Work required: Print nothing but the lines below starting at the line that holds "The image spans 37.1° horizontally." and ending at the line that holds "Class list: toy", including both, each exactly as written.

⁂

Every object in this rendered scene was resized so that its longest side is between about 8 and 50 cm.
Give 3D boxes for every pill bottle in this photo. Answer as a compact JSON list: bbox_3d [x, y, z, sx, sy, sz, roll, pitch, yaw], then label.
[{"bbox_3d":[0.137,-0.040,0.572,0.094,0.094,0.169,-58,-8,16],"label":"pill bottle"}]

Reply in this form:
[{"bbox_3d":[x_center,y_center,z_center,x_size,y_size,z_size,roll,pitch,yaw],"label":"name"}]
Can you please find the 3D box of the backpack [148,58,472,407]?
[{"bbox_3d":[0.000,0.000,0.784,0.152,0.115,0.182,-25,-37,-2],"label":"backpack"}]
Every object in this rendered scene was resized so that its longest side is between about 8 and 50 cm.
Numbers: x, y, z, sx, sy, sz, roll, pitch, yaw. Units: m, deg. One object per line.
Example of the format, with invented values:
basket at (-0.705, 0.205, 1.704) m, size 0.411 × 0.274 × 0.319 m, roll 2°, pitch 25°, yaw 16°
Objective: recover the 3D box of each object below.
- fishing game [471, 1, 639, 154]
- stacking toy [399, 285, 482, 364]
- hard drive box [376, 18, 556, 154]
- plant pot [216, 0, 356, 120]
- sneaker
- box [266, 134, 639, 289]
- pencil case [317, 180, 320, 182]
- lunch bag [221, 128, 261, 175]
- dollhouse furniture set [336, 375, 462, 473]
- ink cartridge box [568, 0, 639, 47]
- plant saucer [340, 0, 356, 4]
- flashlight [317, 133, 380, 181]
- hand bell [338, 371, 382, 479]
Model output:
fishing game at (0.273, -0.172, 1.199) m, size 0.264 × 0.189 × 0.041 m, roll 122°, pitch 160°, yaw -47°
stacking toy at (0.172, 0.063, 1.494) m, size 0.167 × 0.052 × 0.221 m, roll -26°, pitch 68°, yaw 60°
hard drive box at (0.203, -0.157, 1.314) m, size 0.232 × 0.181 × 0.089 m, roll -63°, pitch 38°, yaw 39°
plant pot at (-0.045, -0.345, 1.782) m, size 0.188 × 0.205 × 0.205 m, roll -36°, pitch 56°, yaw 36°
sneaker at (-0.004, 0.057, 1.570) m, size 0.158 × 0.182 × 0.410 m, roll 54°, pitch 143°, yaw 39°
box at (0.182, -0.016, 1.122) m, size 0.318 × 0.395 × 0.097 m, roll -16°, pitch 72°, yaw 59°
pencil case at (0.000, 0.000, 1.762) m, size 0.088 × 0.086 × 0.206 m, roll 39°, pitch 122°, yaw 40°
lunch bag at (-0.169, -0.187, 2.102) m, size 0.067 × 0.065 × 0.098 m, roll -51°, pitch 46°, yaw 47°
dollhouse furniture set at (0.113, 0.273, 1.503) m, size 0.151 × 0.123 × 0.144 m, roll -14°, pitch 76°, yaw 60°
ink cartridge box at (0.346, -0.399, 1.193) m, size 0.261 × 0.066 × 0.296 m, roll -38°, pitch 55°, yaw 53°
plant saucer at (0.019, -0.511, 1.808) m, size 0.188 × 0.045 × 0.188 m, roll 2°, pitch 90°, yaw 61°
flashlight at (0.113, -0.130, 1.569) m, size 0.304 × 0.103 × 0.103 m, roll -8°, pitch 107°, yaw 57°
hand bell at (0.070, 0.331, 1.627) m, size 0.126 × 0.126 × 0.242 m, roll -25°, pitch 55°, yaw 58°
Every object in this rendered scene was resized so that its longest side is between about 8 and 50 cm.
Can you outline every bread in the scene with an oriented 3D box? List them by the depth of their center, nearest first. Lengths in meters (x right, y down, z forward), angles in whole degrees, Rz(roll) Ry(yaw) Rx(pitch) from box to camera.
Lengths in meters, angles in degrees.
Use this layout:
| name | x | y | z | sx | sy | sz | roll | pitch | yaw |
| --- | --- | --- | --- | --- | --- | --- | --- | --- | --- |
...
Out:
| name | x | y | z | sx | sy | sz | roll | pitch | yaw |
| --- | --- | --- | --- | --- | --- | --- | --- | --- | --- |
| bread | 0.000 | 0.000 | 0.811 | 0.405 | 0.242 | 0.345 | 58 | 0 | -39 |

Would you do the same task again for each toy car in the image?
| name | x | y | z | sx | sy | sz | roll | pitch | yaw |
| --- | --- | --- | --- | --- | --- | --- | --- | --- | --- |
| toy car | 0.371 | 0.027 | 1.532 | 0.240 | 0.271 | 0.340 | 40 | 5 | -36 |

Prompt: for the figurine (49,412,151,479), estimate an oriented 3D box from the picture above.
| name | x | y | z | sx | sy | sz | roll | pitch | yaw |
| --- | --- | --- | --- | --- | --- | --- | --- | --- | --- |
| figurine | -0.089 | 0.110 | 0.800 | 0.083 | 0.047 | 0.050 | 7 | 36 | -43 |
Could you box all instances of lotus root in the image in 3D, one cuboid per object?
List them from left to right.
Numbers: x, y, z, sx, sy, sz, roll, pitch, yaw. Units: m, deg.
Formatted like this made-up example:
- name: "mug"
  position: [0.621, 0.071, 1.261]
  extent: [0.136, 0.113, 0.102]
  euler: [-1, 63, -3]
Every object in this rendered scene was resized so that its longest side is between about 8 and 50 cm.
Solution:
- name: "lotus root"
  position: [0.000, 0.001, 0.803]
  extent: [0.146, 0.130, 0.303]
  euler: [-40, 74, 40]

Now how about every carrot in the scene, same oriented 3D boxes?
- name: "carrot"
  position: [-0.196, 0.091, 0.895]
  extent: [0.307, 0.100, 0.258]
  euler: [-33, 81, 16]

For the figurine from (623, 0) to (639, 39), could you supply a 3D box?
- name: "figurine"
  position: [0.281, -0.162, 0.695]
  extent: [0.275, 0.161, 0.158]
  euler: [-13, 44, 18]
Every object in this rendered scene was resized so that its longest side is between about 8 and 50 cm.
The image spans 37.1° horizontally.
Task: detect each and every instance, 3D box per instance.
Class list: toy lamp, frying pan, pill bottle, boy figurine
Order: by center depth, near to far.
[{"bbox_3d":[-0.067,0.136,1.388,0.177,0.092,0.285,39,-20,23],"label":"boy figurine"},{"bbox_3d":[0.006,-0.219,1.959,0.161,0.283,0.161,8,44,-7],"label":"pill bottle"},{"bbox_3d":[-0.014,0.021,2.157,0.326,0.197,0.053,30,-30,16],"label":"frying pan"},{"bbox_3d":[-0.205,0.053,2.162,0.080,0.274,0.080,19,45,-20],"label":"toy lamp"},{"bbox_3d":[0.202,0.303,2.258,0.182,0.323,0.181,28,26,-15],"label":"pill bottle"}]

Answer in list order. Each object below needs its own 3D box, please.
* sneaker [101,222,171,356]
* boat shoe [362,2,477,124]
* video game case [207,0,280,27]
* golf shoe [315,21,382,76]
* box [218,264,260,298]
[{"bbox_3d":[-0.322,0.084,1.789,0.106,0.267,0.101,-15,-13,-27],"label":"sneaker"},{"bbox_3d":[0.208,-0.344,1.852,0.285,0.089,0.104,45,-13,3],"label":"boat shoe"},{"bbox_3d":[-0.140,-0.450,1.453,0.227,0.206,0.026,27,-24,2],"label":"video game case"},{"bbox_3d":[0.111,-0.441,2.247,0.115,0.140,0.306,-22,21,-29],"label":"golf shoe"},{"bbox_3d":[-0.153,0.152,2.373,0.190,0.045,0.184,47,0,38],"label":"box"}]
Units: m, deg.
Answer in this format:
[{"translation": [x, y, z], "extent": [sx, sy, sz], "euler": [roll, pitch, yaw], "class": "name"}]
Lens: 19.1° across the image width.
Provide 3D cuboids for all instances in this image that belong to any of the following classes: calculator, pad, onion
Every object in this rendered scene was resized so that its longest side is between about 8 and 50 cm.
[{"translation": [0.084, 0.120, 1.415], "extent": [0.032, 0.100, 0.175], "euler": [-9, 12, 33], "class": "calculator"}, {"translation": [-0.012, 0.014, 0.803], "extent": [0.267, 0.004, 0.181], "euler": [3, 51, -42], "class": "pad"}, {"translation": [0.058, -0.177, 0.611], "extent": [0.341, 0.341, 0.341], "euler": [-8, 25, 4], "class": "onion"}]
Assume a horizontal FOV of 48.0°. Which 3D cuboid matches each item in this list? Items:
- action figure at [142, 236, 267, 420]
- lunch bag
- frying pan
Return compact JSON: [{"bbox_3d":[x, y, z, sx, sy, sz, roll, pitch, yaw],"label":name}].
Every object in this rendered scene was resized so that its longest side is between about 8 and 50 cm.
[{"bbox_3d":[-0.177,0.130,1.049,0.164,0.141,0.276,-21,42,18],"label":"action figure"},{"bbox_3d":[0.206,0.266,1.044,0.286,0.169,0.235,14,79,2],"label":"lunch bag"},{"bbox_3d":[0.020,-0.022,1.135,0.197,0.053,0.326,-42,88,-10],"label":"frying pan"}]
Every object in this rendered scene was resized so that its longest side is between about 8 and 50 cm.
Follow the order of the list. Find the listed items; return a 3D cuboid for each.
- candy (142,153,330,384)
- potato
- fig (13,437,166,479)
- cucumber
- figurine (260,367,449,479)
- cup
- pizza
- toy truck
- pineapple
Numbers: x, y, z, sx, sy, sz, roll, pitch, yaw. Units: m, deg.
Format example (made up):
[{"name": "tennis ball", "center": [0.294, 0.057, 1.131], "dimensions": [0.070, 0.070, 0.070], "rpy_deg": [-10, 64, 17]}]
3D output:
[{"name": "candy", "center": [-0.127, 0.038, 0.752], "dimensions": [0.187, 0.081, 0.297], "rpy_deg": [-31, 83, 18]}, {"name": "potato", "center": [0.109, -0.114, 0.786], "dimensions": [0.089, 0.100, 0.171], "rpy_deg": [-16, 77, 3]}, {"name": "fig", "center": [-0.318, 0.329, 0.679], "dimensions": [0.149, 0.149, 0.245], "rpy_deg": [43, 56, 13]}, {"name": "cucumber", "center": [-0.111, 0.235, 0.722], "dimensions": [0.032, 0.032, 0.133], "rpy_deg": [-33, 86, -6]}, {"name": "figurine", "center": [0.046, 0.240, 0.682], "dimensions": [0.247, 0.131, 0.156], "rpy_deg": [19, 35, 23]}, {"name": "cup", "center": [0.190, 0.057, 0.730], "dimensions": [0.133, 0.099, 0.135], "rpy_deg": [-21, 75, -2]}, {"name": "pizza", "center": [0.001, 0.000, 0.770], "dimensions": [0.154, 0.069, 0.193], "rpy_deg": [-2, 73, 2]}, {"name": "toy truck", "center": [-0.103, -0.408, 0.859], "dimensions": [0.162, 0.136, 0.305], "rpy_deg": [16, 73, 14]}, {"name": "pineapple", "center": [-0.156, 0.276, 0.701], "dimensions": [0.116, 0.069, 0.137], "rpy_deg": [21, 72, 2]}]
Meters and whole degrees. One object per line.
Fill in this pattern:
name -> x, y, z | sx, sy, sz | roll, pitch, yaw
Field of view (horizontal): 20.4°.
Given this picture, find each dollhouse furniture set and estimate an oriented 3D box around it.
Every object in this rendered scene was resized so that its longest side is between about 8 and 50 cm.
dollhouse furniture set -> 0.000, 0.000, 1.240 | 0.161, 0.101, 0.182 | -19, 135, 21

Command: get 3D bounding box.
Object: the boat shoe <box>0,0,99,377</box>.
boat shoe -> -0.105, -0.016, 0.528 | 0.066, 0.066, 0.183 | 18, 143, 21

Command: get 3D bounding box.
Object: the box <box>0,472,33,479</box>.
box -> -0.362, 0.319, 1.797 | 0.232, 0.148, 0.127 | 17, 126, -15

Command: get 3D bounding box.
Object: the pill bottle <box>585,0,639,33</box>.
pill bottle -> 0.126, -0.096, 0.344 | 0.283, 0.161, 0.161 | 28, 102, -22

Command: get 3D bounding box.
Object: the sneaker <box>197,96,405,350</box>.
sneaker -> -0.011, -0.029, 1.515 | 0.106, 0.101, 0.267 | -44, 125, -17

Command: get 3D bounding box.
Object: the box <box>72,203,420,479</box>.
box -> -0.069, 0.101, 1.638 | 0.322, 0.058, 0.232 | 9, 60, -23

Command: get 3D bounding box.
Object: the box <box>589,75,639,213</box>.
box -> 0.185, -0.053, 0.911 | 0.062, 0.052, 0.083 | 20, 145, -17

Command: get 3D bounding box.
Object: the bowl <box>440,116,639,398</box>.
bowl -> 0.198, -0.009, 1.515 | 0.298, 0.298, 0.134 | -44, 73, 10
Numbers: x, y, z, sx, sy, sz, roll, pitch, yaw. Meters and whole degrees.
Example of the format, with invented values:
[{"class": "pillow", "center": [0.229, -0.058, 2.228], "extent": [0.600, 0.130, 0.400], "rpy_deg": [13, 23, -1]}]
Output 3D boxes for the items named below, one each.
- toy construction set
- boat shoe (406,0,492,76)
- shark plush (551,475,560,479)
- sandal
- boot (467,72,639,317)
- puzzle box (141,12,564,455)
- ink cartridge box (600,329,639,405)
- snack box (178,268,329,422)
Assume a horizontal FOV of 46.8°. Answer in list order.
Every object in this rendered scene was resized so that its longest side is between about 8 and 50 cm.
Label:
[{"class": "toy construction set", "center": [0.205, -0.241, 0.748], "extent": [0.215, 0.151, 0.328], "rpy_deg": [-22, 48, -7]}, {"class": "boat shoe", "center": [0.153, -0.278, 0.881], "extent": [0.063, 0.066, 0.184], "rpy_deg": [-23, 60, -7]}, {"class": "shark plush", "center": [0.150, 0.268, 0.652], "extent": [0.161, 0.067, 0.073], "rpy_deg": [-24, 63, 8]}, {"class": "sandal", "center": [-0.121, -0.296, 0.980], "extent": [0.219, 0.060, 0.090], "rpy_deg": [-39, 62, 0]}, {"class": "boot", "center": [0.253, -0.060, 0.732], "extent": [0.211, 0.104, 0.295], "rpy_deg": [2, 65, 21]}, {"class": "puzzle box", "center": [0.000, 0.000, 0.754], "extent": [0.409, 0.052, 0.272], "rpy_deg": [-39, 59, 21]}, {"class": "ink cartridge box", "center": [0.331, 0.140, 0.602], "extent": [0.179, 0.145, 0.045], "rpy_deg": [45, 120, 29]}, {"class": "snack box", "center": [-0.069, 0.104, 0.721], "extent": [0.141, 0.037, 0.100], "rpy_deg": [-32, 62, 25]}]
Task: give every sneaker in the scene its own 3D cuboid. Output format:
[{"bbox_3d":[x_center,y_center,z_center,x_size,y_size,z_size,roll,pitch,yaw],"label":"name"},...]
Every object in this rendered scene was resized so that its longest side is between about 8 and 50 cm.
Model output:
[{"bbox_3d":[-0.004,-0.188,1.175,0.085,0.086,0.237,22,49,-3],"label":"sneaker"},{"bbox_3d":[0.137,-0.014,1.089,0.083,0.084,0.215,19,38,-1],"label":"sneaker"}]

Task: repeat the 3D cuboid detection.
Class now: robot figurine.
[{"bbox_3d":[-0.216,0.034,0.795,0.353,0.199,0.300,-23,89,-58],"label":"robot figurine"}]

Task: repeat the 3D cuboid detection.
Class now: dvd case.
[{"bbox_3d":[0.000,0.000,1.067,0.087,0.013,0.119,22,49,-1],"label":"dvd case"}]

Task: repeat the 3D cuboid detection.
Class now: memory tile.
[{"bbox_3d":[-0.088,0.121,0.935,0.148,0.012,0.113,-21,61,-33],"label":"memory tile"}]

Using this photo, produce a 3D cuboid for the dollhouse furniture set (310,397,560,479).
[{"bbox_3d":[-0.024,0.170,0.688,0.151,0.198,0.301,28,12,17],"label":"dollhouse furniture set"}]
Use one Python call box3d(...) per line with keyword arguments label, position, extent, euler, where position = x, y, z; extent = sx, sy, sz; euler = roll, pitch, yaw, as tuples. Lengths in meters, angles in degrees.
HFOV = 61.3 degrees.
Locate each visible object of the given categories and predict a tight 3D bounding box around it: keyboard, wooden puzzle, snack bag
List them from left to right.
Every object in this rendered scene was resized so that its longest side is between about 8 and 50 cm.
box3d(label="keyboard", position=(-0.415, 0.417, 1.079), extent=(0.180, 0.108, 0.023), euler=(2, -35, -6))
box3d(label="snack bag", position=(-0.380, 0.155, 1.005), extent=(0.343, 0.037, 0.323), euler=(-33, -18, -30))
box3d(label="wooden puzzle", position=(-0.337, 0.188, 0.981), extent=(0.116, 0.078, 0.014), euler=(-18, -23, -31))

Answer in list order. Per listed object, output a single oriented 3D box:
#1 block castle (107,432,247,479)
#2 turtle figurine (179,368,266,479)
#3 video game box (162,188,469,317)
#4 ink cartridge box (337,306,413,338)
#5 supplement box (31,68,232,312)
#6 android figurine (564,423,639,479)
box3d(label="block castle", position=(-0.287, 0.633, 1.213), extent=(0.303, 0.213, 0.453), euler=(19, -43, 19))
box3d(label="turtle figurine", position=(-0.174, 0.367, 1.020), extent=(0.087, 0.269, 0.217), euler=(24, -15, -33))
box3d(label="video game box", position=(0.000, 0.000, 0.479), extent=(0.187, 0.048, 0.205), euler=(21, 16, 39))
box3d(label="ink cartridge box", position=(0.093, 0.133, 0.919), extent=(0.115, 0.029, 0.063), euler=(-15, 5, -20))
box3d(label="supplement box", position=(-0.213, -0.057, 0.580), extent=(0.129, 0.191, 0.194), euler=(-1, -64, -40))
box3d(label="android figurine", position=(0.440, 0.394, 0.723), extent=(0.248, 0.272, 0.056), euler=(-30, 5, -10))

⁂

Solution:
The image spans 37.1° horizontally.
Task: detect each and every instance, 3D box per instance.
Class list: toy lamp, frying pan, pill bottle, boy figurine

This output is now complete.